A taxpayer has been ordered to pay a reduced penalty after losing a First Tier Tribunal appeal related to the use of a tax avoidance scheme
The appellant, Kenan Altunis, had appealed against a penalty issued by HMRC for a total of £1,657,268 related to his co-operation with a loss-creation scheme run through a Bermuda based company.
In March 2008, Altunis entered into a tax scheme called Aphabeta designed and marketed by the Montpelier group of companies.
The Montpelier group of companies was headquartered in the Isle of Man. One of its subsidiaries was Montpelier Tax Planning Ltd, previously known as MTM Ltd.
He then filed his 2007-09 self-assessment tax return, which included a claim for scheme-generated losses of £5,344,846.23 from a trade-in derivatives via an agent, Alphabeta Trading Limited (ABT), in Bermuda between 3 and 17 March 2008.
Following an enquiry HMRC issued a closure notice removing the claimed losses and handed Altunis a penalty under Taxes Management Act 1970 (TMA).
This was determined on the basis that Altunis had acted fraudulently or negligently by ‘knowingly’ making a false representation in his return because he knew he was not trading in derivatives on a commercial basis to profit.
The penalty was £1,657,268, but HMRC asked the First Tier Tribunal (FTT) to reduce it to £1,139,371 to allow a higher level of mitigation. Altunis appealed against the penalty.
At the time he entered the scheme, Mr Altunis was the Managing Director and Global Head of FX Sales of UniCredit, part of Bayerische Hypo-und Vereinsbank AG.
He denied he had any expertise in stock market trading, saying that ‘comparing my expertise to that of a trader is akin to comparing a car salesman to the production engineers’.
HMRC placed a lot of weight on a ‘side letter’ issued to Altunis by Montpelier. This said that if the scheme did not work, Montpelier would refund his costs of entering the scheme and would write off a related loan.
As a result of the letter, Altunis had completed his self-assessment return recklessly, not caring whether it was true or false, HMRC said.
The penalties were charged under TMA s95, which does not distinguish between fraud and negligence. Instead, it sets penalties for both at a maximum of 100% of the tax which would have been paid had the return been completed correctly.

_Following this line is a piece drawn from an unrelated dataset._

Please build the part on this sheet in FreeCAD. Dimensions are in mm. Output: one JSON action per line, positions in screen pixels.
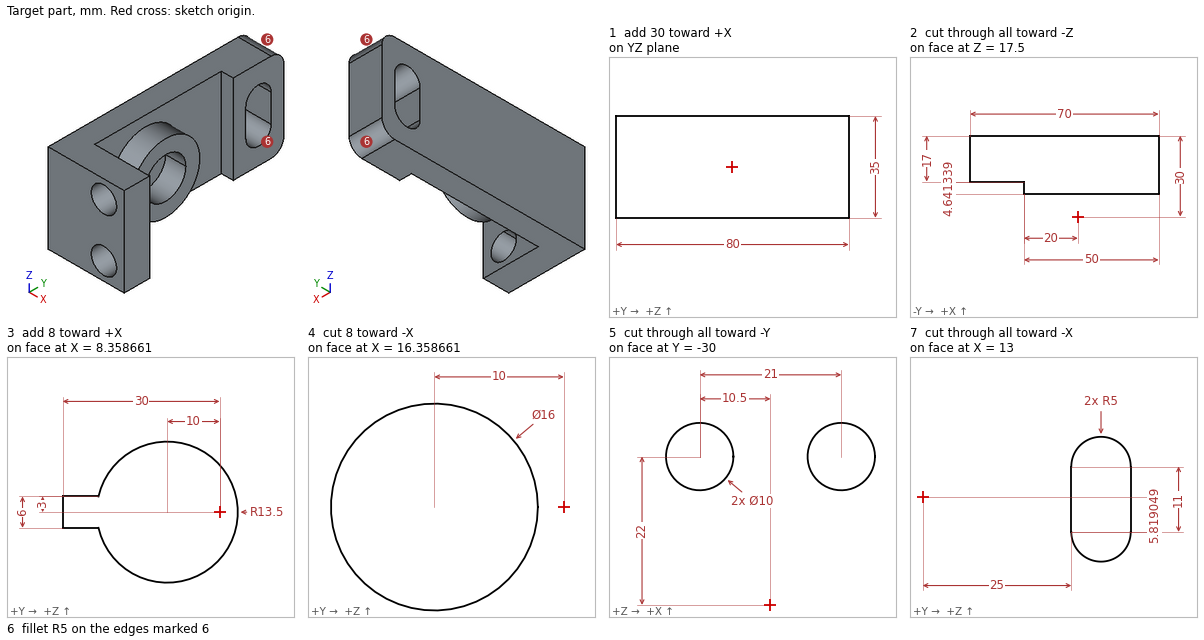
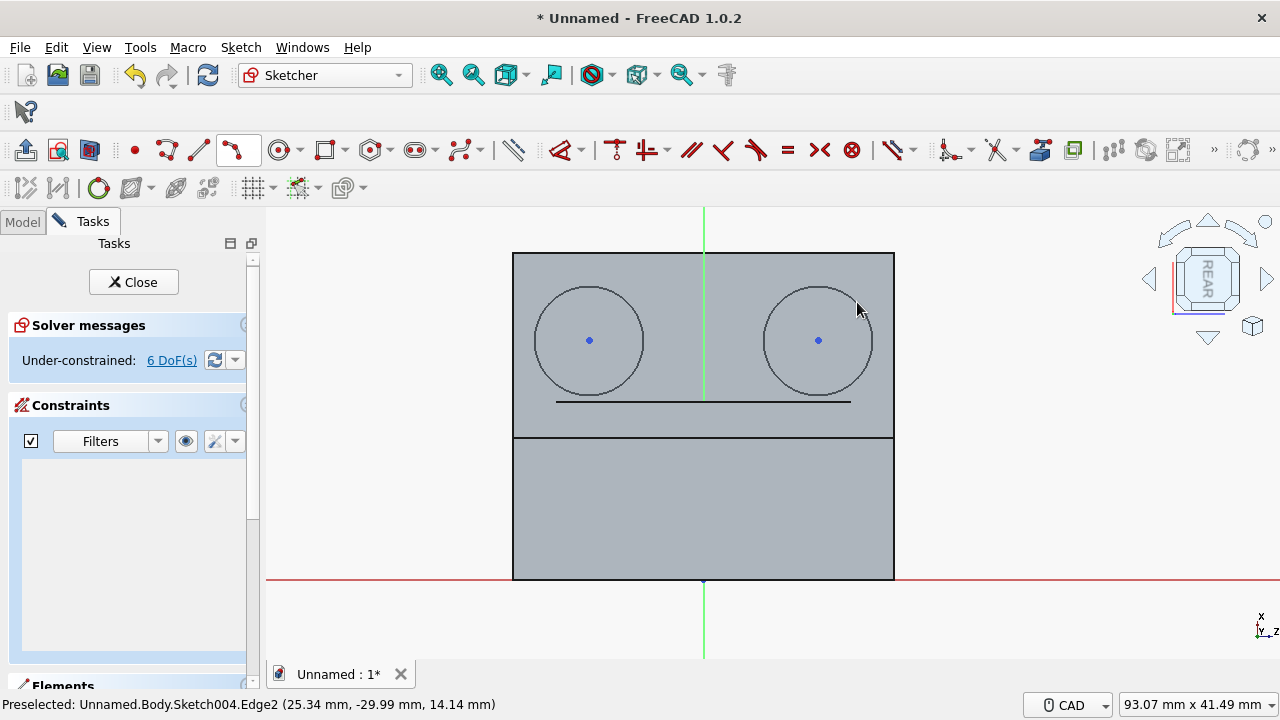
{"action": "left_click", "coordinate": [627, 302]}

In this case, the tax difference was £2,071,585. The issued penalty was 80% of that amount, on the basis that Altunis had acted fraudulently.
During the tribunal, Altunis denied knowing that Alphabeta was a loss-generating scheme and said he thought it was a genuine trading opportunity with the possibility of making profits.

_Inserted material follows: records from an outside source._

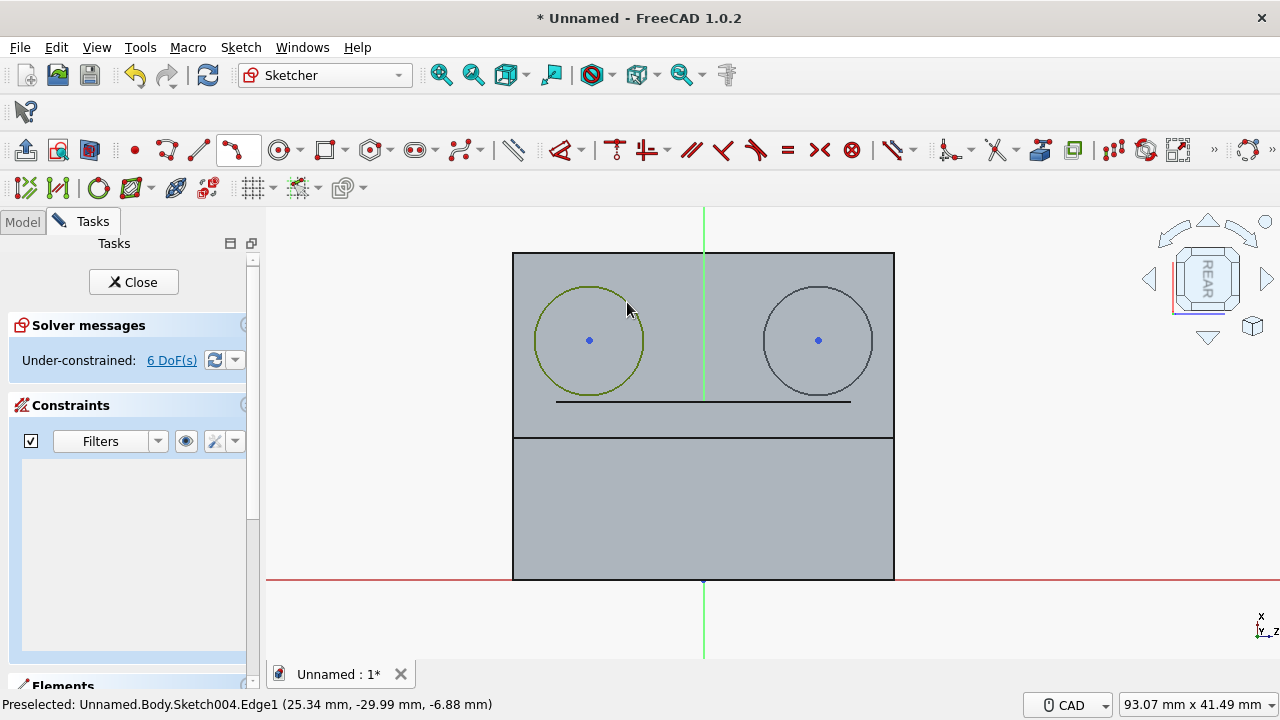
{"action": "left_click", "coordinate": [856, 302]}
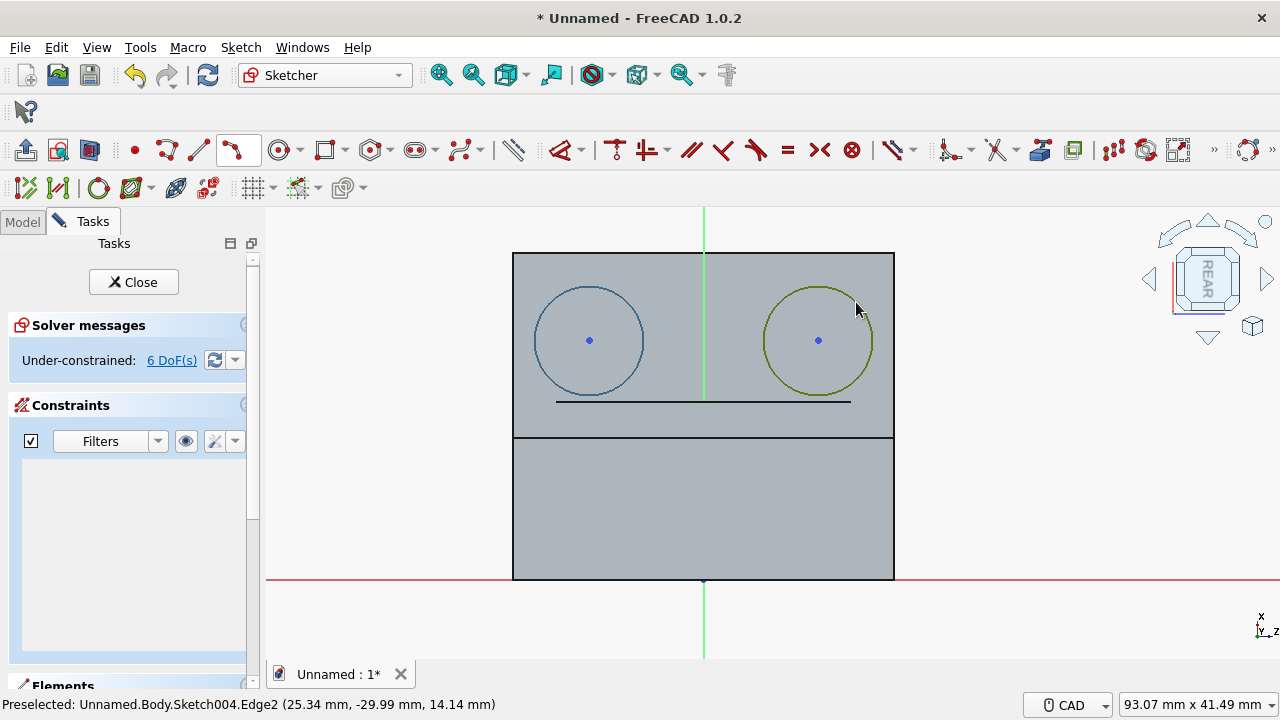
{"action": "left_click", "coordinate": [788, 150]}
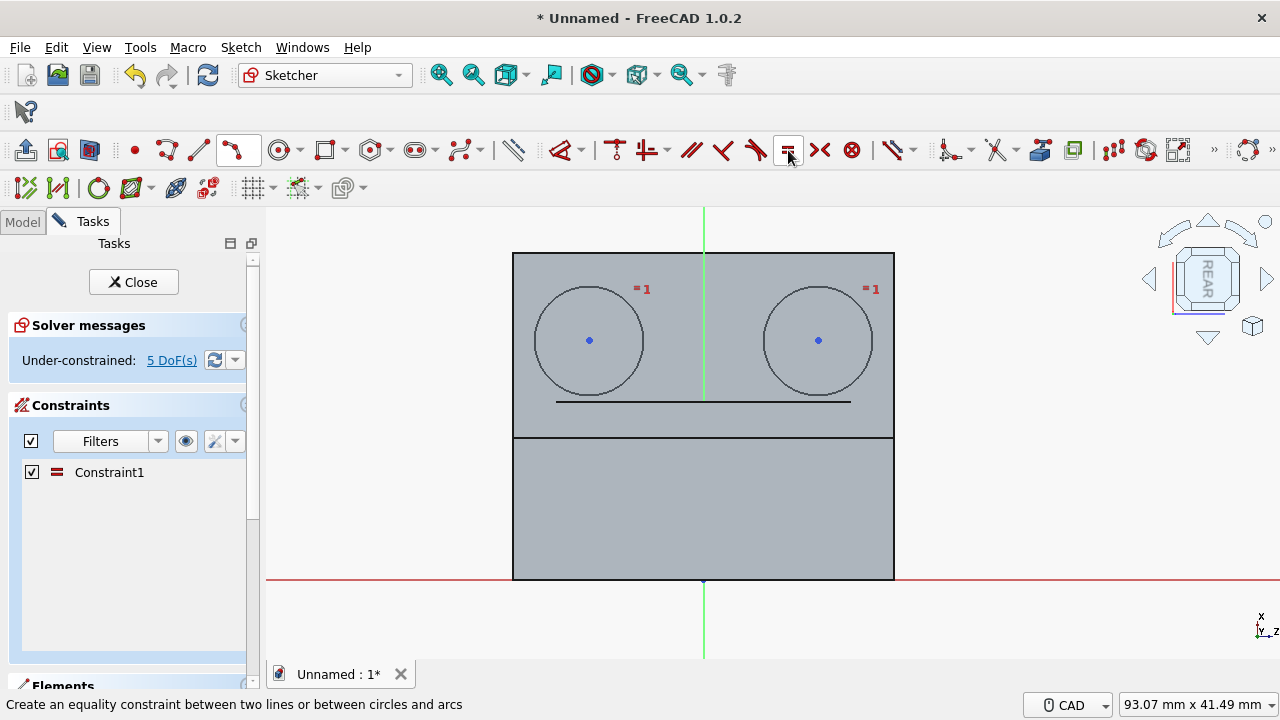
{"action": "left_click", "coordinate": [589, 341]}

As part of the scheme Altunis had signed a loan agreement for £5,250,000 with a Montpelier company called Bayridge Investments LLC. Altunis said that ‘at no point in time did I think the loan was not real’.

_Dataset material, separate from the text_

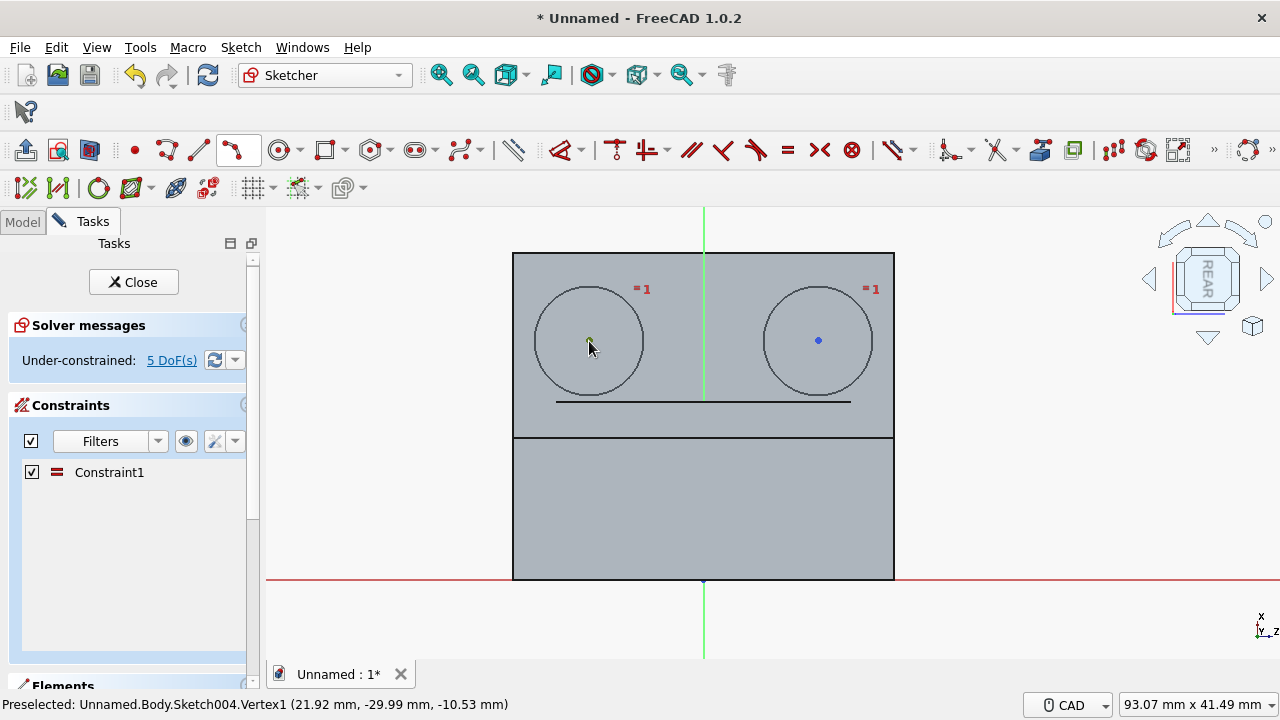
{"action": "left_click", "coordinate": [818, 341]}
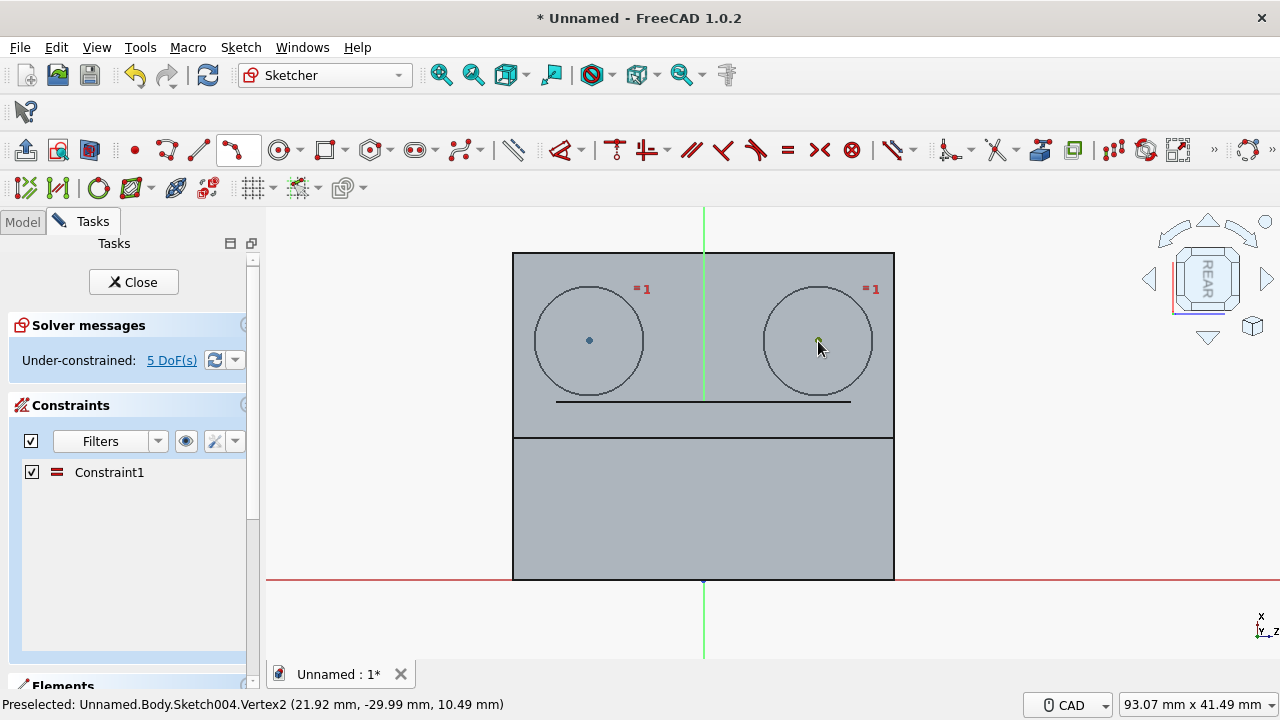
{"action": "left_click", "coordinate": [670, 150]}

The dividend strip scheme involved the purchase of dividend rights from Montpelier associated companies. Scheme users claimed a trading loss for the cost of purchasing dividend rights.
However, by relying on a perceived loophole in the Income and Corporation Taxes Act 1988 (ICTA), Montpelier excluded dividends received from the computation of trade profits.
The FTT agreed with HMRC that Altunis had known he was not carrying on a trade but added that Altunis had understood that this was not necessary because he was deemed to be trading as a result of the agreement with the agency.
In reference to the side letter, the FTT found that this did not prove Altunis had ‘knowingly’ made a false representation. Instead, it showed he was unsure whether the scheme worked, but participated after receiving the side letter, which had protected him from risk.
But the tribunal did determine that Altunis had been negligent, on the basis that a reasonable person would have taken ‘independent professional advice’ on such a ‘highly aggressive’ loss-creation scheme.
Judge Anne Redston said: ‘In our judgment, the reasonable person would have taken independent advice on the scheme from a suitably qualified tax specialist. Montpelier repeatedly advised that he obtain independent advice, but Altunis did not do so.
‘He read the documentation and noted that it did not guarantee he would be entitled to claim the losses, but instead that HMRC should accept his claim. Even then he did not obtain advice, but instead entered the scheme having been assured that his fee would be refunded and the loan written off were the scheme not to succeed.
‘Mr Altunis had no previous experience with Montpelier, although he checked its website and took into account the professional qualifications of senior staff and his IFA. That falls far short of the actions of a reasonable person, given all the factors set out above.’
As Altunis had not been fraudulent, the FTT allowed a further reduction for cooperation, resulting in a total penalty of £652,459, 31.5% of the tax difference from his inaccurate loan claim.